Jerebker spoke Friday morning at the launch of We CARE—the Coalition for Advancing Resident–centered Environments. The reform effort includes care providers, government agencies, social workers, geriatricians, lawmakers and community groups. Nursing homes long have been based on a hospital–like, institutional model of care, he said, the schedule for meals and baths and events devised to meet staff needs. Residents do the adjusting.

The buildings tend to look like hospitals, not homes, with long corridors spiking out from a nursing station and shared bathrooms. The goal is to see how many residents can be “stuffed” in to maximize profits. Care quality has been judged on “efficiencies” tightly prescribed by the government, which pays through Medicaid and Medicare for the majority of care.

Those who grew up in the Depression accepted that. But with the emergence of more options for aging and an entirely different generation soon to cross the facility threshold, “the new generation utterly rejects this model,” he said.
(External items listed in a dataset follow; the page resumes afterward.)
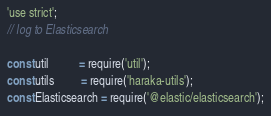<code> <loc_0><loc_0><loc_500><loc_500><_JavaScript_>'use strict';
// log to Elasticsearch

const util          = require('util');
const utils         = require('haraka-utils');
const Elasticsearch = require('@elastic/elasticsearch');
</code> 
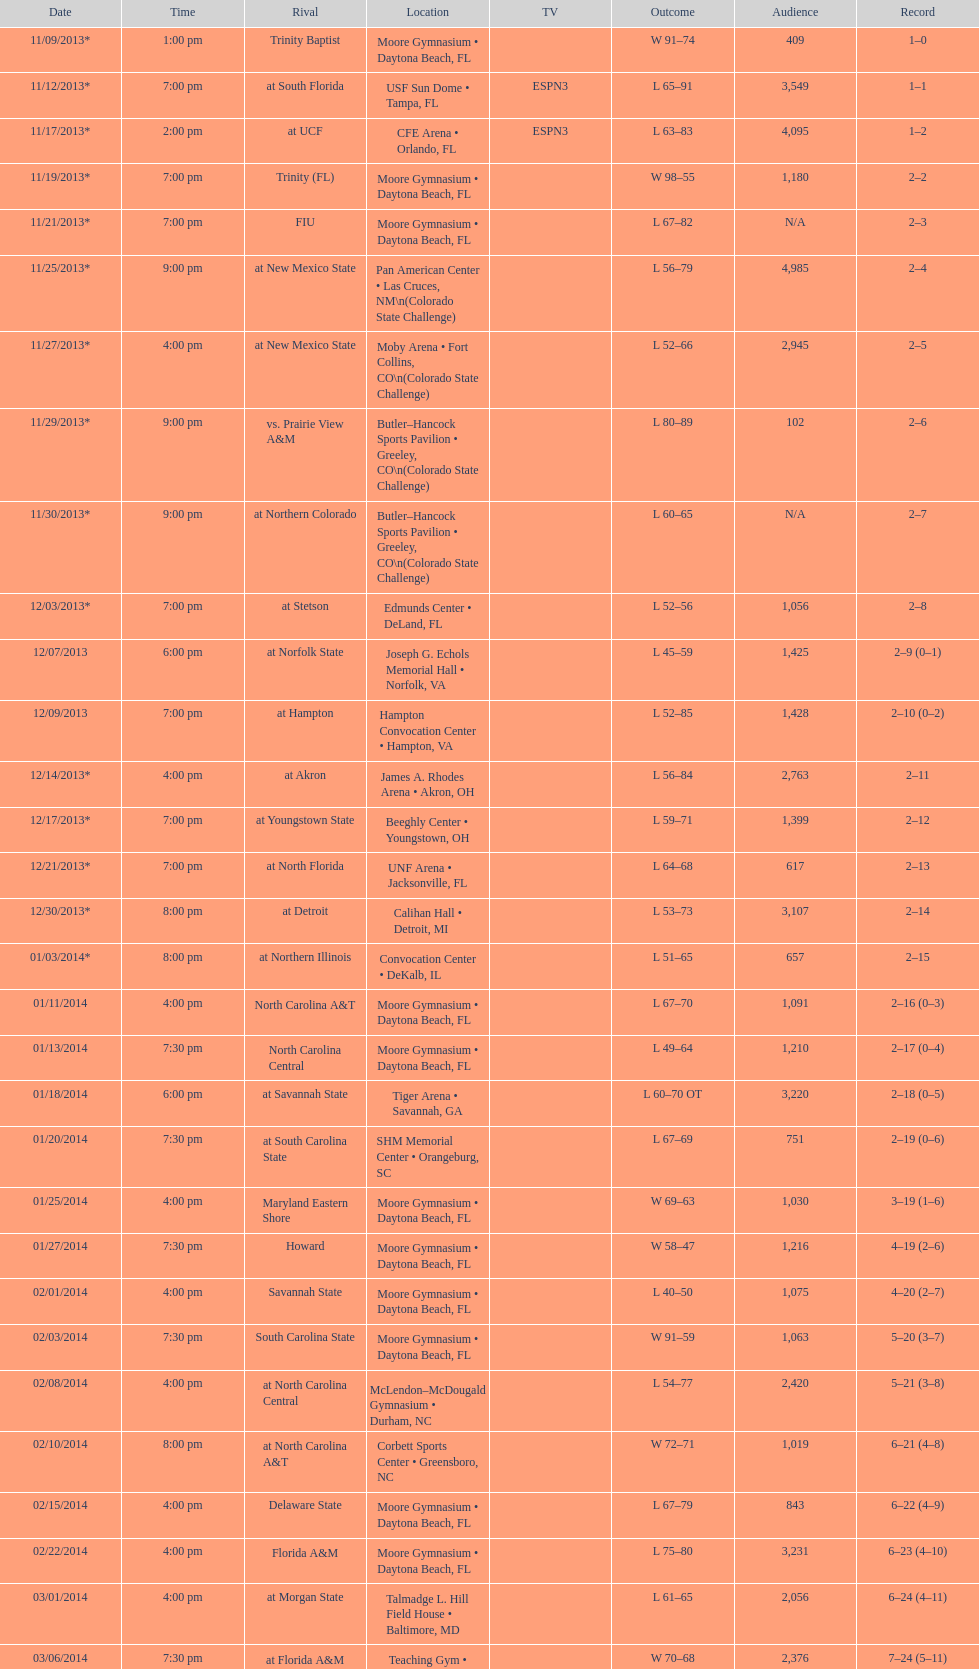Which game was later at night, fiu or northern colorado? Northern Colorado. 
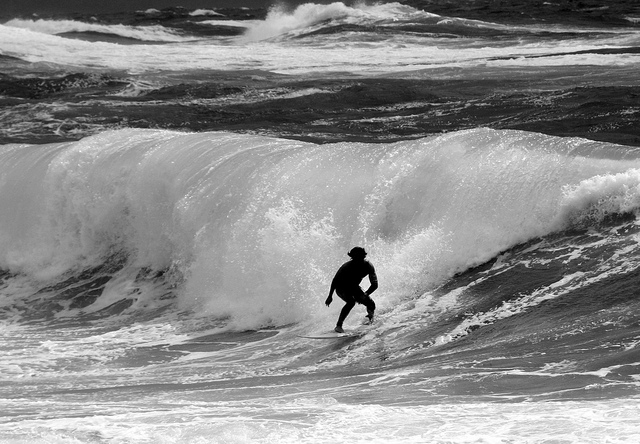How high are the waves? The waves appear formidable, cresting at an estimated height of around 6 feet, providing a thrilling challenge for the surfer.

"Sometimes change is good…in this case, change is the only way to go,” said Deb Burcombe of the Utah HealthCare Association. "“It’s not about making it homelike. These are their homes.”
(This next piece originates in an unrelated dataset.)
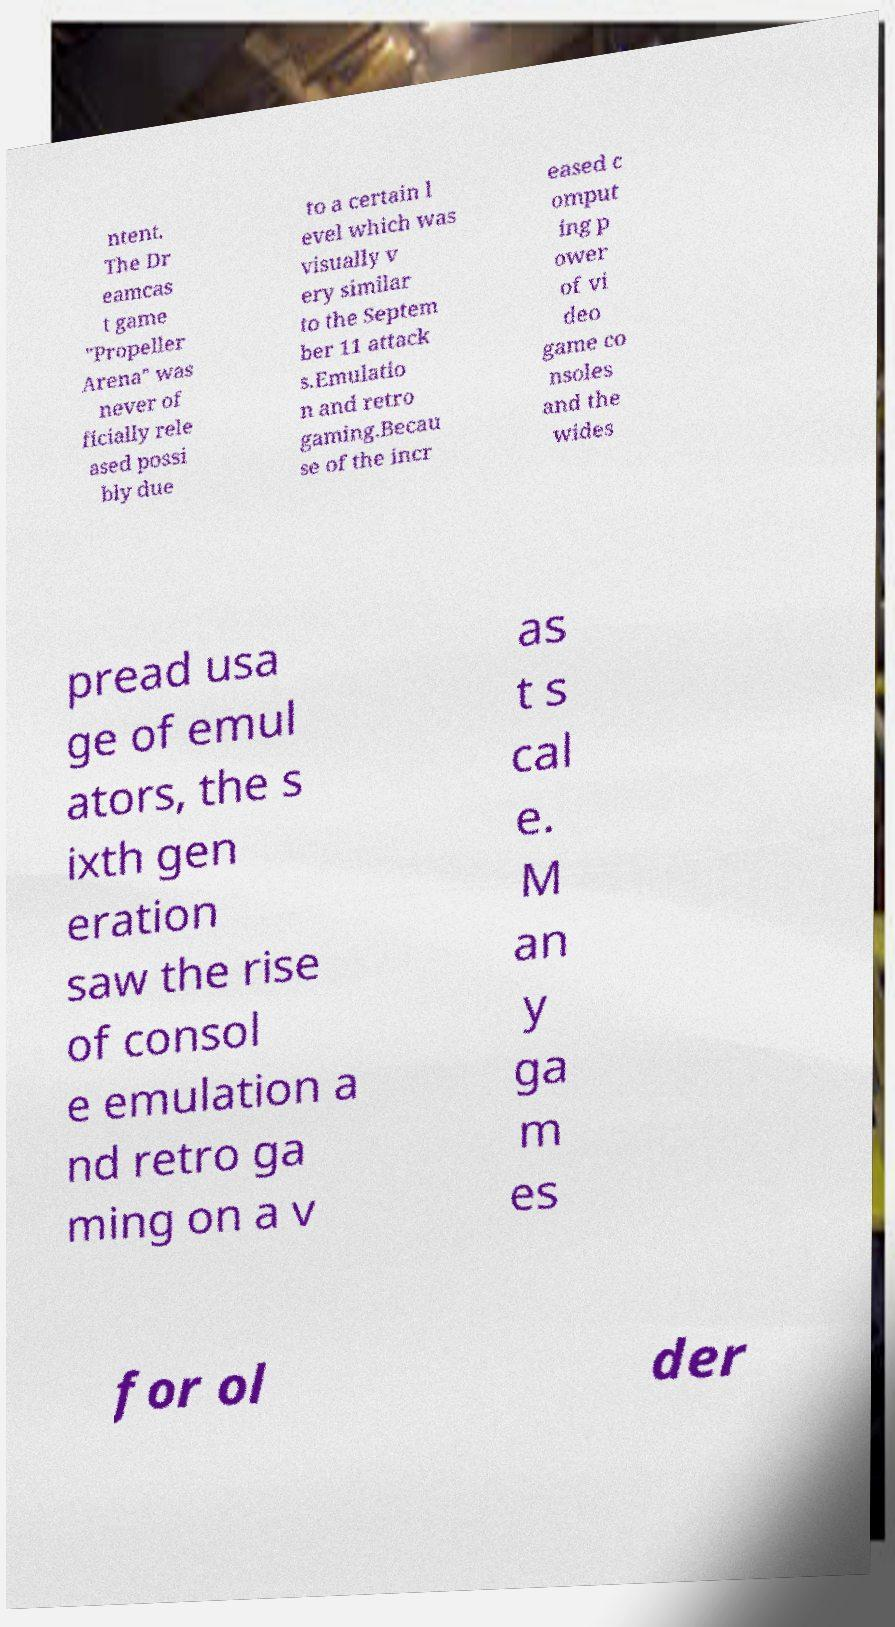What messages or text are displayed in this image? I need them in a readable, typed format. ntent. The Dr eamcas t game "Propeller Arena" was never of ficially rele ased possi bly due to a certain l evel which was visually v ery similar to the Septem ber 11 attack s.Emulatio n and retro gaming.Becau se of the incr eased c omput ing p ower of vi deo game co nsoles and the wides pread usa ge of emul ators, the s ixth gen eration saw the rise of consol e emulation a nd retro ga ming on a v as t s cal e. M an y ga m es for ol der

Change starts with how a facility thinks about the services it provides and the population it serves, Jerebker said. Providing choice is essential. The goal of the reform is to get the decisionmaking “as close to the residents as possible.”
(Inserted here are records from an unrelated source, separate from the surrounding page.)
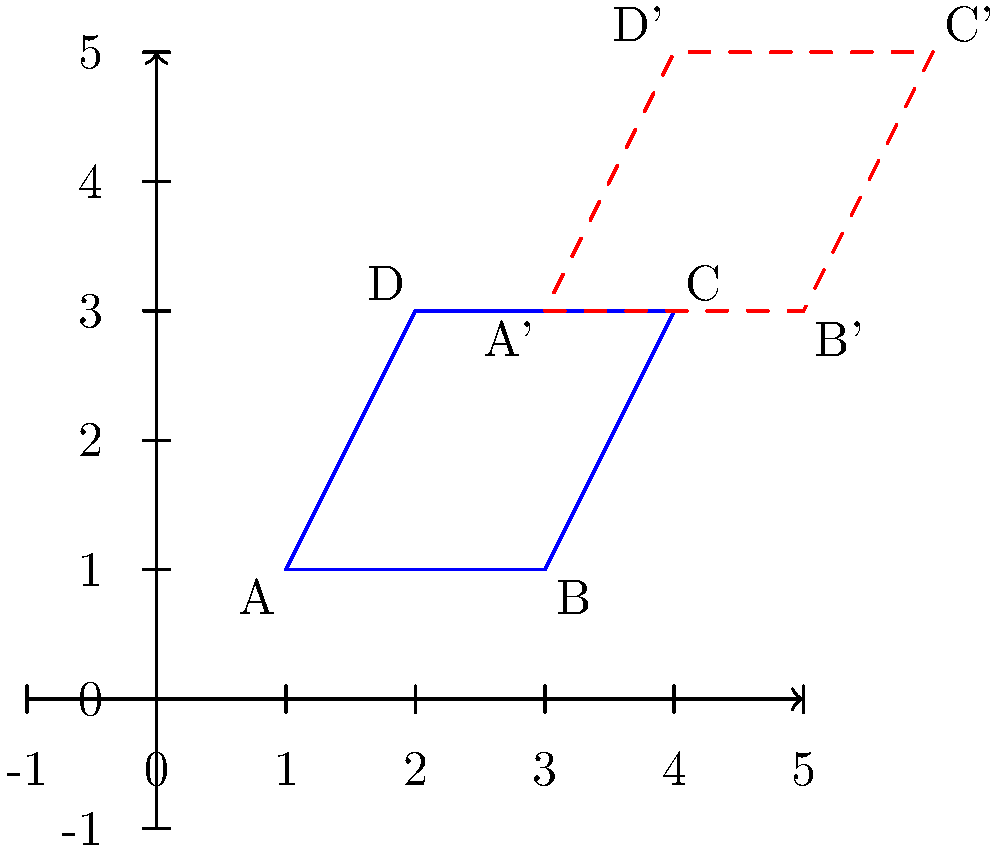As a single parent, you've mapped out your daily routine on a coordinate plane, where each point represents a different activity (e.g., school drop-off, work, grocery shopping, picking up kids). The blue shape ABCD represents your current routine. You're considering adjusting your schedule to accommodate a new after-school activity for your children. This adjustment can be represented by translating the entire shape 2 units right and 2 units up. What are the coordinates of point C after this translation? Let's approach this step-by-step:

1. First, we need to identify the original coordinates of point C.
   From the graph, we can see that C is at (4,3).

2. The translation is described as 2 units right and 2 units up.
   In coordinate geometry, this is represented as a translation of (2,2).

3. To translate a point, we add the translation vector to the original coordinates:
   
   New x-coordinate = Original x-coordinate + x-translation
   New y-coordinate = Original y-coordinate + y-translation

4. For point C:
   New x-coordinate = 4 + 2 = 6
   New y-coordinate = 3 + 2 = 5

5. Therefore, after translation, point C moves to (6,5).

This new point is labeled as C' on the graph, represented by the corresponding corner of the red dashed shape.
Answer: (6,5)

In one of the nursing homes Piñon runs in Colorado, the long corridors have been broken into neighborhoods, each with a distinctive flavor clear to the art on the walls. They have porch lights, not call lights, and “front doors” that you need to knock on, denoting that this is someone’s home. Meals might be served restaurant or buffet style, and residents choose when to eat. Some facilities offer five meal sittings, and residents can pick which fit their desires. There are neighborhood council meetings. Staffers are assigned permanently to a neighborhood, to foster more community. And speaking of communities, they’re getting out into them more—and inviting them inside the facilities, as well.

The silo–style management must flatten out to accomplish it, he said, so the resident or those closest to him have more say. Piñon looks for workers who serve the resident, not a workforce that serves a department supervisor.

But he warns that as the changes occur—a “gradual transformation and a tough transformation”—nursing home operators must be prepared to have deficiencies noted when they’re surveyed by government. Rules of inspection haven’t changed to keep up with the evolving face of the facilities, and focus is shifting in so many ways that “things fall through the cracks.” What emerges, though, is worth the extraordinary effort.

“We’re converting from institutions to habitats,” said Jerebker.

The benefits from increased resident satisfaction counter some of the growing pains. When his facilities targeted services to residents who are unhappy or act out, complaints decreased, and so did many of the behaviors. Their needs, it turned out, “were really not a big deal, but things that get overlooked.”

Changes that would seem to hurt the facility’s bottom line help it. Piñon took a 78–bed nursing home down to 64 rooms, putting more space into living, dining and common areas. Revenues went up, in part because they had a higher occupancy rate and less staff turnover.

“Home” is how Jeaniene Sanone, 62, a resident at Hillside Rehabilitation Center in Salt Lake City, describes where she lives. The staff is family. She can sleep in if she wants because meals aren’t served on a now–or–never schedule. And sometimes, she marvels, “they bring you the things you need before you know you want it! If I’m lucky, I’ll get to spend the rest of my life there.”